Re: [PATCH 2/3] arm64: dts: qcom: sa8775p: Add CPU OPP tables to scale DDR/L3
From: Jagadeesh Kona
Date: Wed Dec 04 2024 - 03:45:52 EST
On 12/4/2024 8:43 AM, Dmitry Baryshkov wrote:
> On Tue, Dec 03, 2024 at 08:33:46PM +0530, Jagadeesh Kona wrote:
>>
>>
>> On 11/30/2024 8:02 PM, Konrad Dybcio wrote:
>>> On 14.11.2024 11:48 PM, Dmitry Baryshkov wrote:
>>>> On Mon, Nov 11, 2024 at 06:39:48PM +0530, Jagadeesh Kona wrote:
>>>>>
>>>>>
>>>>> On 10/17/2024 9:12 PM, Brian Masney wrote:
>>>>>> On Thu, Oct 17, 2024 at 02:58:31PM +0530, Jagadeesh Kona wrote:
>>>>>>> + cpu0_opp_table: opp-table-cpu0 {
>>>>>>> + compatible = "operating-points-v2";
>>>>>>> + opp-shared;
>>>>>>> +
>>>>>>> + cpu0_opp_1267mhz: opp-1267200000 {
>>>>>>> + opp-hz = /bits/ 64 <1267200000>;
>>>>>>> + opp-peak-kBps = <6220800 29491200>;
>>>>>>> + };
>>>>>>> +
>>>>>>> + cpu0_opp_1363mhz: opp-1363200000 {
>>>>>>> + opp-hz = /bits/ 64 <1363200000>;
>>>>>>> + opp-peak-kBps = <6220800 29491200>;
>>>>>>> + };
>>>>>>
>>>>>> [snip]
>>>>>>
>>>>>>> + cpu4_opp_table: opp-table-cpu4 {
>>>>>>> + compatible = "operating-points-v2";
>>>>>>> + opp-shared;
>>>>>>> +
>>>>>>> + cpu4_opp_1267mhz: opp-1267200000 {
>>>>>>> + opp-hz = /bits/ 64 <1267200000>;
>>>>>>> + opp-peak-kBps = <6220800 29491200>;
>>>>>>> + };
>>>>>>> +
>>>>>>> + cpu4_opp_1363mhz: opp-1363200000 {
>>>>>>> + opp-hz = /bits/ 64 <1363200000>;
>>>>>>> + opp-peak-kBps = <6220800 29491200>;
>>>>>>> + };
>>>>>>
>>>>>> There's no functional differences in the cpu0 and cpu4 opp tables.

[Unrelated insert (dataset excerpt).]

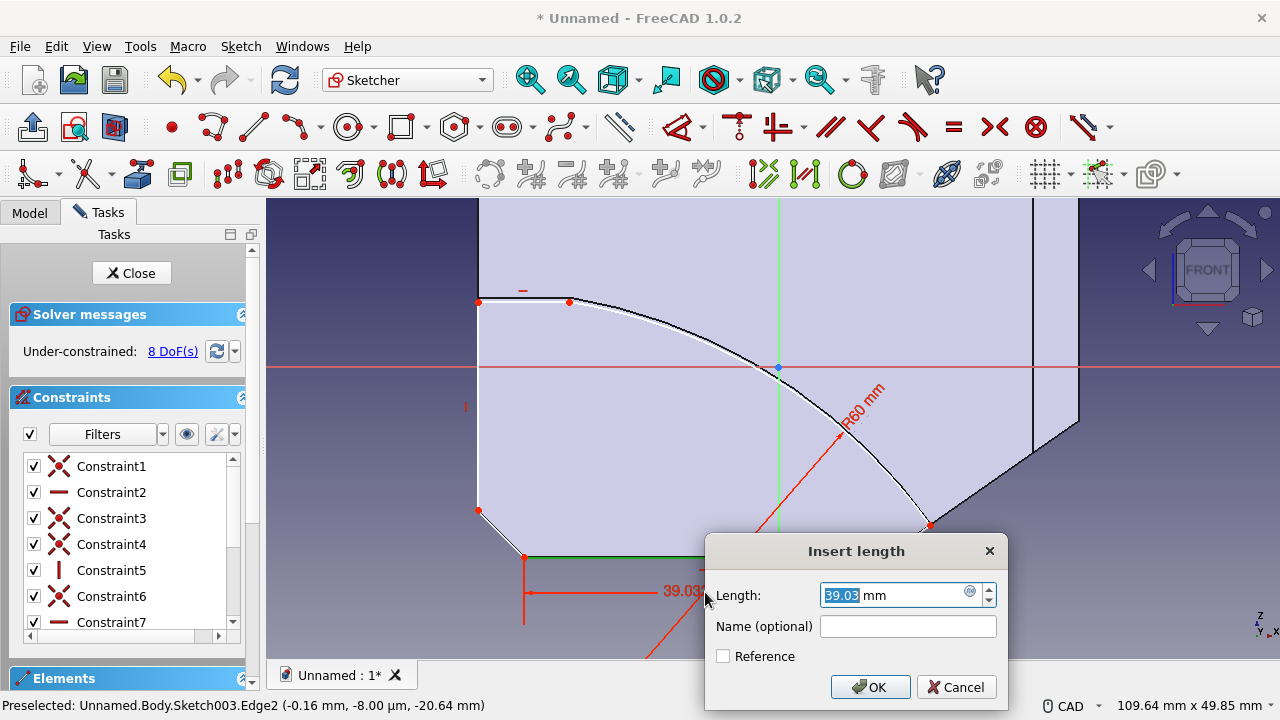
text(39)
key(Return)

Can
>>>>>> a single table be used?
>>>>>>
>>>>>> This aligns with my recollection that this particular SoC only has the
>>>>>> gold cores.
>>>>>>
>>>>>> Brian
>>>>>>
>>>>>
>>>>> Thanks Brian for your review. Sorry for the delayed response.
>>>>>
>>>>> We require separate OPP tables for CPU0 and CPU4 to allow independent
>>>>> scaling of DDR and L3 frequencies for each CPU domain, with the final
>>>>> DDR and L3 frequencies being an aggregate of both.
>>>>>
>>>>> If we use a single OPP table for both CPU domains, then _allocate_opp_table() [1]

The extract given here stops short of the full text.